§ **ENTRIES SHOWN**:

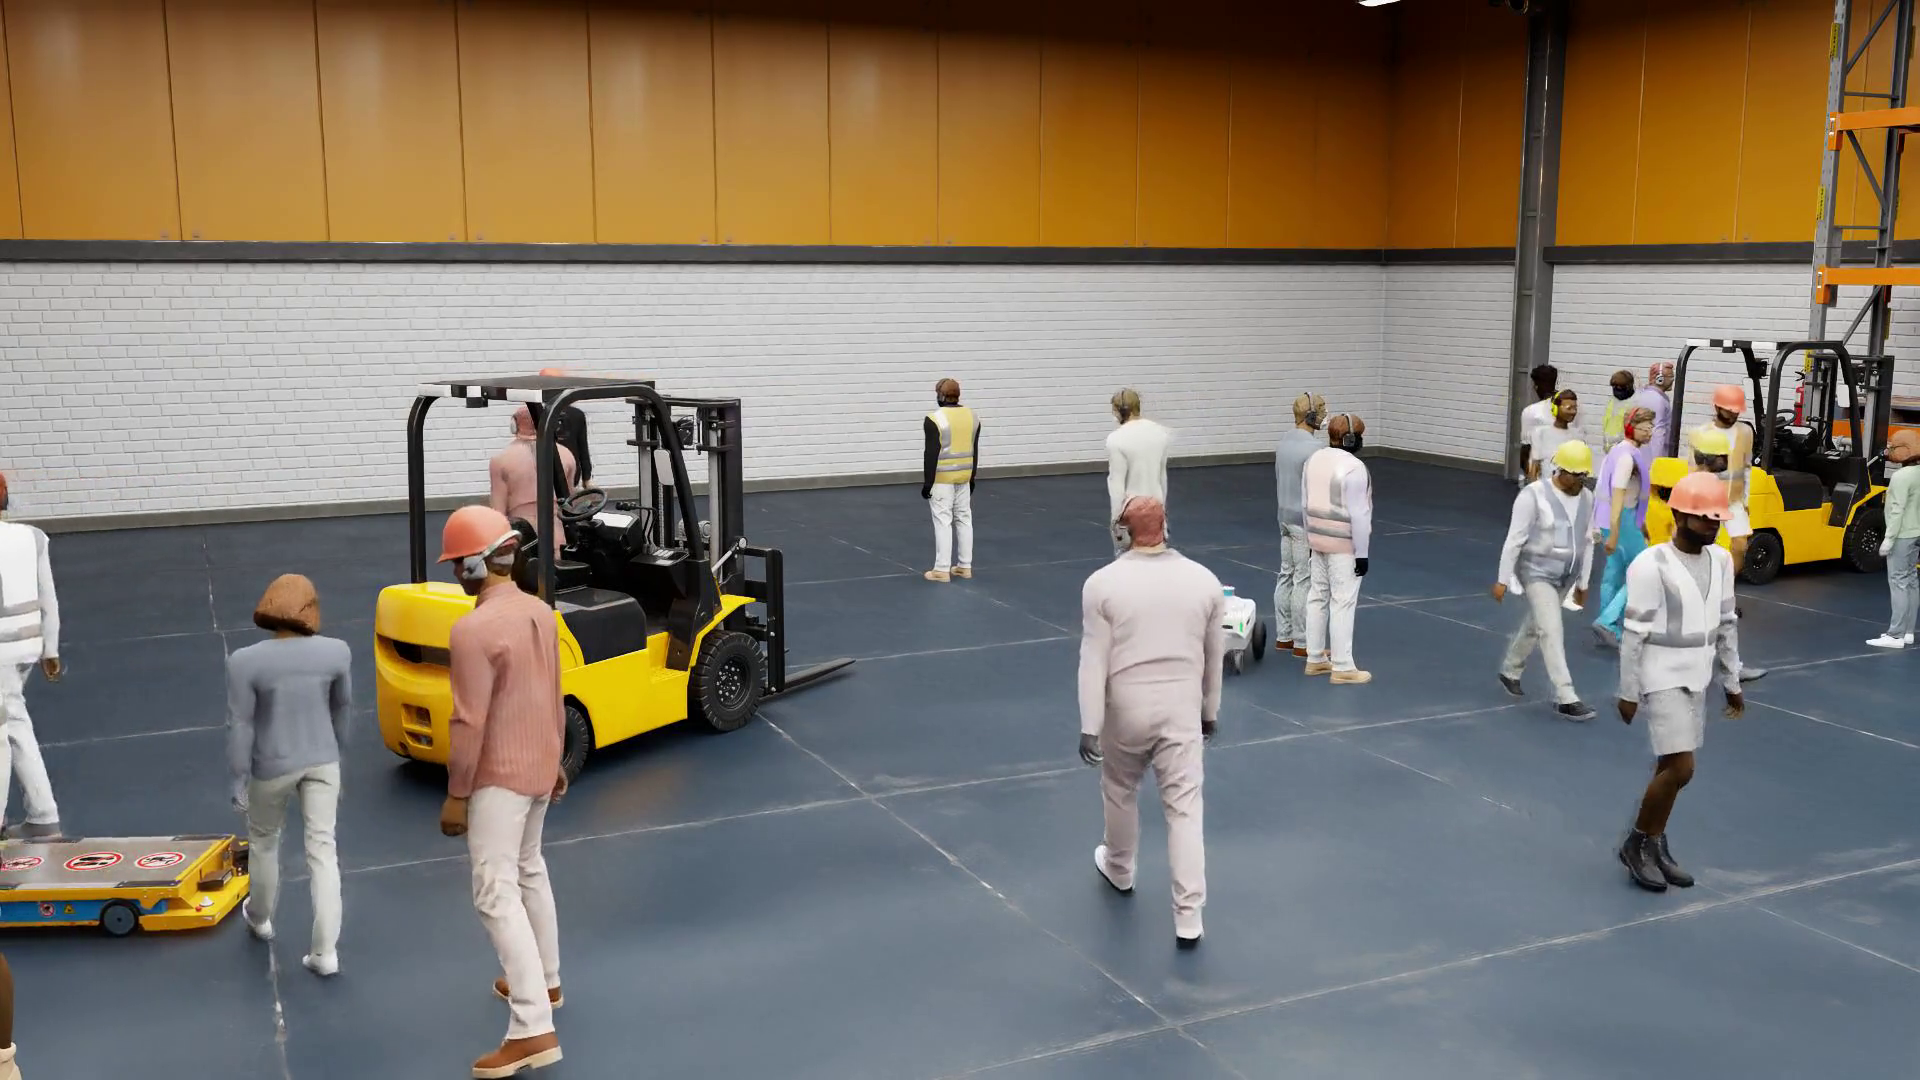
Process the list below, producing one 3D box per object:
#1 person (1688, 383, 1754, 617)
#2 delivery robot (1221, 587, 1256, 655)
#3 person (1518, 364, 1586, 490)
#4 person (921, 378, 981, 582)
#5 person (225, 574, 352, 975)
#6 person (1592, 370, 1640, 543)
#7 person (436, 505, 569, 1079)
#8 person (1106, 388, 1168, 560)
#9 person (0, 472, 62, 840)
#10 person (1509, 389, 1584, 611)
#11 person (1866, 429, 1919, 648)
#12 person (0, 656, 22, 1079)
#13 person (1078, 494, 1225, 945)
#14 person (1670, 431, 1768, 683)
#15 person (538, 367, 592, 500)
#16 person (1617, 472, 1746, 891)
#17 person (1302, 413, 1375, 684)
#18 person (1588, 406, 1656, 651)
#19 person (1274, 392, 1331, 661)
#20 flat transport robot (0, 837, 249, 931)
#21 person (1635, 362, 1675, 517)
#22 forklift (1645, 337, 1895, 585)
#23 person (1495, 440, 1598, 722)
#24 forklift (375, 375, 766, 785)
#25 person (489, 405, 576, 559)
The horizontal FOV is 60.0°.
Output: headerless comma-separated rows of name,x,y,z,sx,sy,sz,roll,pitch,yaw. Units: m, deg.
person,6.145,-0.311,13.410,0.589,1.908,0.551,-1,9,-6
delivery robot,1.896,0.575,11.821,0.477,0.478,0.707,3,10,17
person,5.497,-0.660,15.471,0.651,1.944,0.418,-1,9,-8
person,-0.107,-0.546,15.089,0.633,1.841,0.429,-8,12,-42
person,-2.724,0.926,6.774,0.521,1.577,0.848,-7,12,-38
person,6.763,-0.841,17.087,0.918,1.781,0.670,-3,10,-17
person,-1.611,0.870,5.966,0.594,1.959,0.848,2,9,11
person,1.447,-0.240,13.023,0.652,1.899,0.825,-7,11,-36
person,-4.792,0.568,8.130,0.839,1.852,0.586,2,9,10
person,4.976,-0.372,14.055,0.522,1.839,0.915,-1,9,-9
person,7.022,-0.010,12.405,0.497,1.634,0.287,-8,12,-40
person,-3.379,0.912,5.417,0.616,2.041,0.373,4,10,23
person,0.803,0.734,7.143,0.673,1.844,0.981,-2,9,-10
person,5.041,0.122,11.295,0.894,1.727,0.538,1,9,8
person,-3.571,-0.563,14.857,0.997,1.961,0.624,9,13,43
person,3.248,0.642,7.493,0.563,1.920,0.464,-5,10,-28
person,2.598,0.052,11.380,0.428,1.842,0.631,-4,10,-23
person,4.913,-0.074,12.219,0.506,1.825,0.536,1,9,5
person,2.487,-0.101,12.027,0.372,1.940,0.631,-2,9,-14
flat transport robot,-3.866,1.498,7.264,1.431,0.197,0.652,-1,9,-3
person,6.935,-0.821,16.597,0.401,1.907,0.648,2,9,11
forklift,7.551,-0.789,15.507,2.313,2.155,1.214,-4,10,-25
person,3.737,0.224,10.608,0.657,1.751,0.964,-4,10,-25
forklift,-2.268,0.149,9.685,1.214,2.155,2.313,6,11,32
person,-3.073,-0.049,12.008,0.631,1.849,1.040,-4,10,-23

§ **TASK TO COMPLETE**:
The listing above must be printed again exactly, minus its pictures.

§ **RESULT FOR THIS TASK**:
Process the list below, producing one 3D box per object:
#1 person (1688, 383, 1754, 617)
#2 delivery robot (1221, 587, 1256, 655)
#3 person (1518, 364, 1586, 490)
#4 person (921, 378, 981, 582)
#5 person (225, 574, 352, 975)
#6 person (1592, 370, 1640, 543)
#7 person (436, 505, 569, 1079)
#8 person (1106, 388, 1168, 560)
#9 person (0, 472, 62, 840)
#10 person (1509, 389, 1584, 611)
#11 person (1866, 429, 1919, 648)
#12 person (0, 656, 22, 1079)
#13 person (1078, 494, 1225, 945)
#14 person (1670, 431, 1768, 683)
#15 person (538, 367, 592, 500)
#16 person (1617, 472, 1746, 891)
#17 person (1302, 413, 1375, 684)
#18 person (1588, 406, 1656, 651)
#19 person (1274, 392, 1331, 661)
#20 flat transport robot (0, 837, 249, 931)
#21 person (1635, 362, 1675, 517)
#22 forklift (1645, 337, 1895, 585)
#23 person (1495, 440, 1598, 722)
#24 forklift (375, 375, 766, 785)
#25 person (489, 405, 576, 559)
The horizontal FOV is 60.0°.
Output: headerless comma-separated rows of name,x,y,z,sx,sy,sz,roll,pitch,yaw. Units: m, deg.
person,6.145,-0.311,13.410,0.589,1.908,0.551,-1,9,-6
delivery robot,1.896,0.575,11.821,0.477,0.478,0.707,3,10,17
person,5.497,-0.660,15.471,0.651,1.944,0.418,-1,9,-8
person,-0.107,-0.546,15.089,0.633,1.841,0.429,-8,12,-42
person,-2.724,0.926,6.774,0.521,1.577,0.848,-7,12,-38
person,6.763,-0.841,17.087,0.918,1.781,0.670,-3,10,-17
person,-1.611,0.870,5.966,0.594,1.959,0.848,2,9,11
person,1.447,-0.240,13.023,0.652,1.899,0.825,-7,11,-36
person,-4.792,0.568,8.130,0.839,1.852,0.586,2,9,10
person,4.976,-0.372,14.055,0.522,1.839,0.915,-1,9,-9
person,7.022,-0.010,12.405,0.497,1.634,0.287,-8,12,-40
person,-3.379,0.912,5.417,0.616,2.041,0.373,4,10,23
person,0.803,0.734,7.143,0.673,1.844,0.981,-2,9,-10
person,5.041,0.122,11.295,0.894,1.727,0.538,1,9,8
person,-3.571,-0.563,14.857,0.997,1.961,0.624,9,13,43
person,3.248,0.642,7.493,0.563,1.920,0.464,-5,10,-28
person,2.598,0.052,11.380,0.428,1.842,0.631,-4,10,-23
person,4.913,-0.074,12.219,0.506,1.825,0.536,1,9,5
person,2.487,-0.101,12.027,0.372,1.940,0.631,-2,9,-14
flat transport robot,-3.866,1.498,7.264,1.431,0.197,0.652,-1,9,-3
person,6.935,-0.821,16.597,0.401,1.907,0.648,2,9,11
forklift,7.551,-0.789,15.507,2.313,2.155,1.214,-4,10,-25
person,3.737,0.224,10.608,0.657,1.751,0.964,-4,10,-25
forklift,-2.268,0.149,9.685,1.214,2.155,2.313,6,11,32
person,-3.073,-0.049,12.008,0.631,1.849,1.040,-4,10,-23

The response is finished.